(Stored entries)
[Start of Attachment]

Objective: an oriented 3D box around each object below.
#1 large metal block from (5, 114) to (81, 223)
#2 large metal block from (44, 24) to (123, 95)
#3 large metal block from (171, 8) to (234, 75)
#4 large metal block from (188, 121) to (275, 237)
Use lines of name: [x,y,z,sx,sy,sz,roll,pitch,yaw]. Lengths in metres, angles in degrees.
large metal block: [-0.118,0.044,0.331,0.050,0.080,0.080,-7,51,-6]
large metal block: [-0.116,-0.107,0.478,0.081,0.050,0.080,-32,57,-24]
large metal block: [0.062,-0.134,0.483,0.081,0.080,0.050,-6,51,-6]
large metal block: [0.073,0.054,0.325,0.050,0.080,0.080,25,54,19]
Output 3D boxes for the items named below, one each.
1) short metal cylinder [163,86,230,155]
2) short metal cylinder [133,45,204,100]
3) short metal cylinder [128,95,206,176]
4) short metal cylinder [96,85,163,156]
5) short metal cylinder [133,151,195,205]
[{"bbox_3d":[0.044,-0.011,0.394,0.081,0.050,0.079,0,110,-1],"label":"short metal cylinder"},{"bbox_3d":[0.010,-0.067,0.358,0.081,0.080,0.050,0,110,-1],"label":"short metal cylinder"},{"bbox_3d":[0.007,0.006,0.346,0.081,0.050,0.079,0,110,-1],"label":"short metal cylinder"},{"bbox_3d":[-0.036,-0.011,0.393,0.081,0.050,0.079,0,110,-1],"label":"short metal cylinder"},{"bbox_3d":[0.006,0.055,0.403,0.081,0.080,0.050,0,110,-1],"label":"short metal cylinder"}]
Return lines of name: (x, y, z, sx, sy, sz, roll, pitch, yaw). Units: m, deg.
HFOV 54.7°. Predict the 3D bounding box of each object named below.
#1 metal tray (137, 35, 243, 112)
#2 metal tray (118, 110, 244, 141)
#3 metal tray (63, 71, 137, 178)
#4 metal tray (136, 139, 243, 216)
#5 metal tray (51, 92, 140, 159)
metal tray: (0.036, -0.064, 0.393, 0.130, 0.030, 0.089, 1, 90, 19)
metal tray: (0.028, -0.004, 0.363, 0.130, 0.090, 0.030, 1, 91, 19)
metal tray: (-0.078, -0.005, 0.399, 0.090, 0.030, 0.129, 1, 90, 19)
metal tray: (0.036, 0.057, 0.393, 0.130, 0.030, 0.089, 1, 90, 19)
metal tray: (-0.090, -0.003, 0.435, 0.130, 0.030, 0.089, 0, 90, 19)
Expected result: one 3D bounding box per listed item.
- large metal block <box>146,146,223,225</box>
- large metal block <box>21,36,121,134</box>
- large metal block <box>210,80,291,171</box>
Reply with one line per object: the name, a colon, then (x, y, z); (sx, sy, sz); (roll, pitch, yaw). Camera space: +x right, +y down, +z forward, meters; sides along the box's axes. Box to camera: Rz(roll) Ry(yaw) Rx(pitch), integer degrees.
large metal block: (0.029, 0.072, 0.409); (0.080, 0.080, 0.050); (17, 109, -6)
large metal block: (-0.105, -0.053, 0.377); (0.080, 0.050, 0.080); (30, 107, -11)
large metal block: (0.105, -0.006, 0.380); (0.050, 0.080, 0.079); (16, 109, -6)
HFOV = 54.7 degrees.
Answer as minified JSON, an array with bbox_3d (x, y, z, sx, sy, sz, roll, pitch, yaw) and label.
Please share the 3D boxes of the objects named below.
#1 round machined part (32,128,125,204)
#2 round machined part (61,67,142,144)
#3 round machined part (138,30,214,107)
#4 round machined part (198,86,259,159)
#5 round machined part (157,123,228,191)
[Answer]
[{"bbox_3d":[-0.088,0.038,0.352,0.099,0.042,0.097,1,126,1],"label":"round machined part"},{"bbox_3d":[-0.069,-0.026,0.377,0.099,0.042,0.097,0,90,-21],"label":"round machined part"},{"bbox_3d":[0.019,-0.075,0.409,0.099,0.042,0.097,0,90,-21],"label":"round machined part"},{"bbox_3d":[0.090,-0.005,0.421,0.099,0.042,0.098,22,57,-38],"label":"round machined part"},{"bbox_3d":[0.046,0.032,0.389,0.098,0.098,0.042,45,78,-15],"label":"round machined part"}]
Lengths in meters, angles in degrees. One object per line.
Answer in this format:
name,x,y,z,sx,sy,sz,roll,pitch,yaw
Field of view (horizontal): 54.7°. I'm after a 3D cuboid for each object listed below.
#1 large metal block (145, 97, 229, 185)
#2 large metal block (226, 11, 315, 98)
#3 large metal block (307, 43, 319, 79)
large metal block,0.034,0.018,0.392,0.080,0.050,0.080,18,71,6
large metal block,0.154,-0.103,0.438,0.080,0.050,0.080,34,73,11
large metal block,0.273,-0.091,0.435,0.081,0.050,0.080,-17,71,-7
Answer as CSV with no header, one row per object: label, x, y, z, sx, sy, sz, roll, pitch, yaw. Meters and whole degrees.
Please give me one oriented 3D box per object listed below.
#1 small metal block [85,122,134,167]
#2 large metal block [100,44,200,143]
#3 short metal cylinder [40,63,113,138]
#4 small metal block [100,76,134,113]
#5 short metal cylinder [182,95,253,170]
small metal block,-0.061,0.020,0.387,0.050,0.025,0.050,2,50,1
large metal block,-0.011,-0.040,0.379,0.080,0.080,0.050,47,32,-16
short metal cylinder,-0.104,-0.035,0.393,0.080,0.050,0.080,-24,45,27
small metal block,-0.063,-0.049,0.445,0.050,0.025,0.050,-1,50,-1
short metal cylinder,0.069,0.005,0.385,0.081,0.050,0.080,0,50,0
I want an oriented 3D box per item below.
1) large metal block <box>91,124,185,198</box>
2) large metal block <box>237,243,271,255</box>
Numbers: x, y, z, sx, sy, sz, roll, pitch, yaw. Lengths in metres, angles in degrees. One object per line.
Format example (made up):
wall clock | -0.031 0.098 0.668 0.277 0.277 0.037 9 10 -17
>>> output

[End of Attachment]
[Start of Attachment]

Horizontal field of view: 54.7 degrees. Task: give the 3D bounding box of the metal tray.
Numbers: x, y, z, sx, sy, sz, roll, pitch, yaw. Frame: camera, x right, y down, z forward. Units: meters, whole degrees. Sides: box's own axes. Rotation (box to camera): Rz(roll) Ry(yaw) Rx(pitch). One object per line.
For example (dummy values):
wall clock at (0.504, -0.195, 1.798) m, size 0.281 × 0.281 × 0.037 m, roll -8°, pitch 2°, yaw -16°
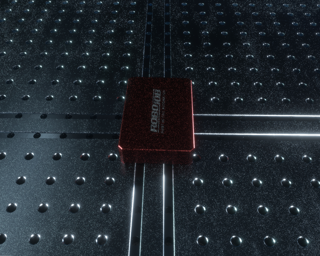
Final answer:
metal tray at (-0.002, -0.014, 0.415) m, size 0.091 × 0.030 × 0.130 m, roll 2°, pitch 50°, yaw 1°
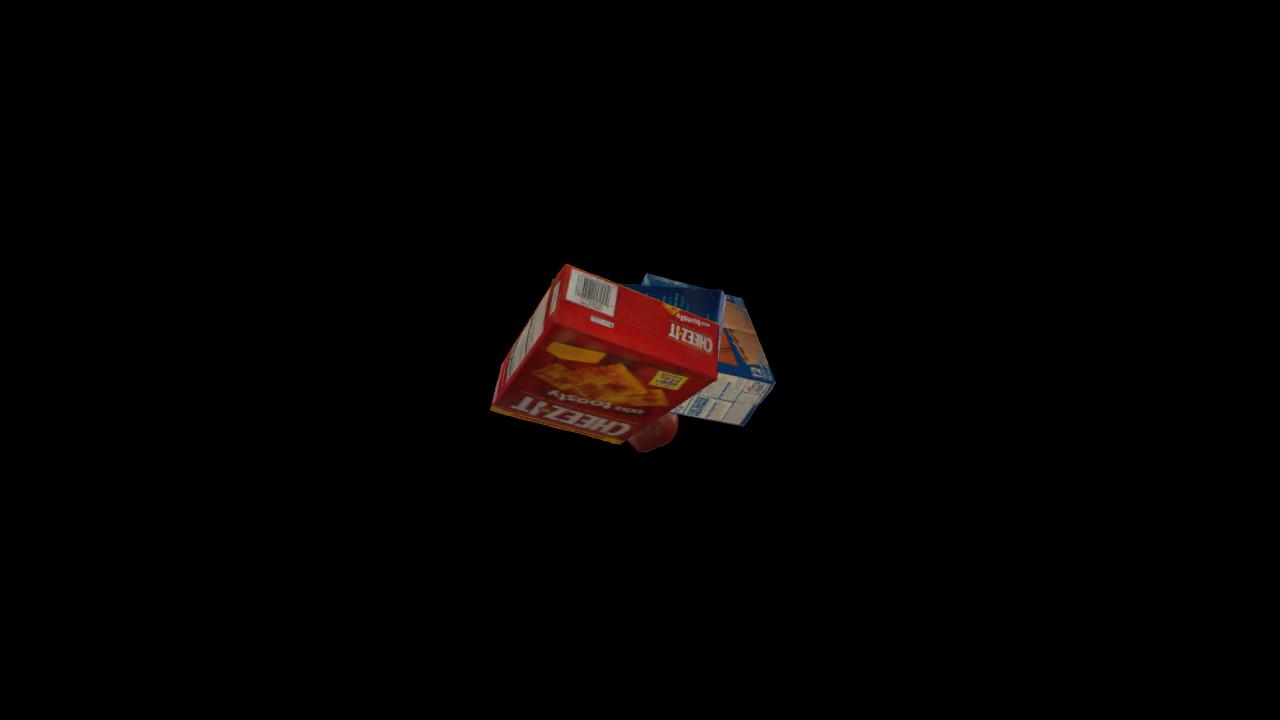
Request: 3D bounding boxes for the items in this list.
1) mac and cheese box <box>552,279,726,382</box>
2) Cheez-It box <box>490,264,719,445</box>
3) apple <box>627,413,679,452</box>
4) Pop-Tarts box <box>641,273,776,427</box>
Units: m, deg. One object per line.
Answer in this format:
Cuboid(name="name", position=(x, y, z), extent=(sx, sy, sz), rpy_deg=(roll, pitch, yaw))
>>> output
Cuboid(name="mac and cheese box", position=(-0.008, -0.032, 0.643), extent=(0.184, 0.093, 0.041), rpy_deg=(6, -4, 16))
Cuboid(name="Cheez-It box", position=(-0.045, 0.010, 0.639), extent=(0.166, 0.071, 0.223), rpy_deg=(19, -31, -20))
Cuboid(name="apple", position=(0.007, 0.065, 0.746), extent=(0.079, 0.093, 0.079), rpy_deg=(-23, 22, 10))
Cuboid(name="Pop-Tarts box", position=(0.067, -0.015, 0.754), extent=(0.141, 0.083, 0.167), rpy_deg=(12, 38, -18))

[End of Attachment]
[Start of Attachment]

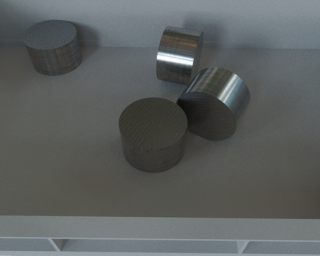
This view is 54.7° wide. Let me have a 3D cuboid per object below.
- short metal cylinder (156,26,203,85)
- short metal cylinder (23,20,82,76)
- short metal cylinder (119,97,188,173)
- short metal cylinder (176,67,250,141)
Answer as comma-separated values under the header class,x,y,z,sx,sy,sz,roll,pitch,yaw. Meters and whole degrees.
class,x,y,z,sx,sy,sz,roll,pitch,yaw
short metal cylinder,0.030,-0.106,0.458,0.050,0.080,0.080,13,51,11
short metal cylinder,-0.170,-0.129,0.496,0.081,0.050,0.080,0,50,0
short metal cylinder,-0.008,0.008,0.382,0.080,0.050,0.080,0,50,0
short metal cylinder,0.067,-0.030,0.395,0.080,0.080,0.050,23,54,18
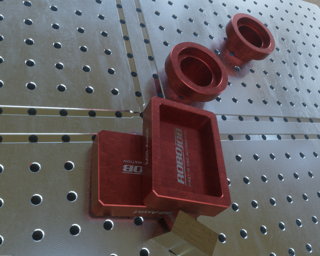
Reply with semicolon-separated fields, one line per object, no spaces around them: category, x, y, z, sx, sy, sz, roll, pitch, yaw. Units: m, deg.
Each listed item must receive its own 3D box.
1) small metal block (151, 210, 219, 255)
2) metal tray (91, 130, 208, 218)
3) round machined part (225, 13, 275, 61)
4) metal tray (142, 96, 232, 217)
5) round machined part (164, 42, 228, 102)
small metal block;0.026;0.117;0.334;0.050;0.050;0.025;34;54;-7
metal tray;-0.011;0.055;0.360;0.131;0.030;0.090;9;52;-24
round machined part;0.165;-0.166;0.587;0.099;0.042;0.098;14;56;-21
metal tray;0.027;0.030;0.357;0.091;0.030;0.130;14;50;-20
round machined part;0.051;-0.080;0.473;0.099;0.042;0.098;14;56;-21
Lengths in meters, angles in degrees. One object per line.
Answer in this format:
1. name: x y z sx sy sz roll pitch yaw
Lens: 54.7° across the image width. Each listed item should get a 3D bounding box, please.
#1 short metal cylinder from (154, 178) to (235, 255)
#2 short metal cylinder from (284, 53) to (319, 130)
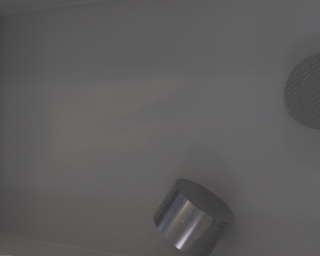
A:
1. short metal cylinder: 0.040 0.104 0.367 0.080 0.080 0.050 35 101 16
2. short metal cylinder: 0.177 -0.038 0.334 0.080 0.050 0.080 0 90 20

[End of Attachment]

**TASK STATEMENT:**
Look above for the line with "- large metal block <box>146,146,223,225</box>" and the line with "- large metal block <box>210,80,291,171</box>". Write out those two lines and all the lines between them, exactly, and no others.

**SOLUTION FOR THIS TASK:**
- large metal block <box>146,146,223,225</box>
- large metal block <box>21,36,121,134</box>
- large metal block <box>210,80,291,171</box>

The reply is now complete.